The cost of cleaning up the damage from Hurricane Matthew shouldn’t hurt Georgia’s credit ratings, the Atlanta Business Chronicle reports.
Our AJC colleagues created this new tool to check out the latest campaign finance expenditures. And we have a feeling we’re going to be spending a lot of time on it.
PBS NewsHour anchor Judy Woodruff recently spent some time in Atlanta mulling whether Georgia could turn blue this election cycle.

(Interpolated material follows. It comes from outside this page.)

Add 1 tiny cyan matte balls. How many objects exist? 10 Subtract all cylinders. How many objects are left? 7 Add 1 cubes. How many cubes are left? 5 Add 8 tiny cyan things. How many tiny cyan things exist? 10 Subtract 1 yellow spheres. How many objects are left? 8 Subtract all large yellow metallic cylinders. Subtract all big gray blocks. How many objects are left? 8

She spoke with a few familiar faces as she dropped by the Sweet Auburn festival, including state House Minority Leader Stacey Abrams, Georgia GOP minority engagement guru Leo Smith and former Canadian ambassador and longtime Democratic fixture Gordon Giffin:
Another publication has broken a long-standing tradition in order to dump on Republican presidential candidate Donald Trump. This time it’s Foreign Policy magazine, a staid, serious publication that in nearly 50 years has never weighed in on a presidential election. Until now:
Trump has not only promoted the leadership of a tyrant and menace like Vladimir Putin, but he has welcomed Russian meddling in the current U.S. election. He has alternatively forgiven then defended Russia’s invasion of Crimea and employed advisors with close ties to the Russian president and his cronies.

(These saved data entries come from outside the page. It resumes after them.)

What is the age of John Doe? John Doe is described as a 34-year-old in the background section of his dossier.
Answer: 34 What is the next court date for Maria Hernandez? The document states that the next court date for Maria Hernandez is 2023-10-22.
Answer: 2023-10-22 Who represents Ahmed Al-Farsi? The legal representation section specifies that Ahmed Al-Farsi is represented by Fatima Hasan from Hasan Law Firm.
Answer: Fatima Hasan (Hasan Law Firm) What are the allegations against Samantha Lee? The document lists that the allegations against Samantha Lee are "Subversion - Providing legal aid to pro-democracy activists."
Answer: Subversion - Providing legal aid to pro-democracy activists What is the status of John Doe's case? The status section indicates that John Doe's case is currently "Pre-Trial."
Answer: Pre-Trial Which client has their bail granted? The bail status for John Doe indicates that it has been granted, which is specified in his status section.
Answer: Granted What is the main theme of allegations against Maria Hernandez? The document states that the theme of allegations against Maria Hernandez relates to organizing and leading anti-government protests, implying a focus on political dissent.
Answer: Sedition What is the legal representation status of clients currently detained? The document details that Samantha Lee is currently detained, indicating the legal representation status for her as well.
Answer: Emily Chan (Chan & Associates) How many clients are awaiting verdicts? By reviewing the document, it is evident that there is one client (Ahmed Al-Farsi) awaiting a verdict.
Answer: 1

Trump has spoken so cavalierly about the use of nuclear weapons, including a repeated willingness to use them against terrorists, that it has become clear he understands little if anything about America’s nuclear policies — not to mention the moral, legal, and human consequences of such actions. He has embraced the use of torture and the violation of international law against it.
He has suggested he would ignore America’s treaty obligations and would only conditionally support allies in need. He has repeatedly insulted Mexico and proposed policies that would inflame and damage one of America’s most vital trading relationships with that country.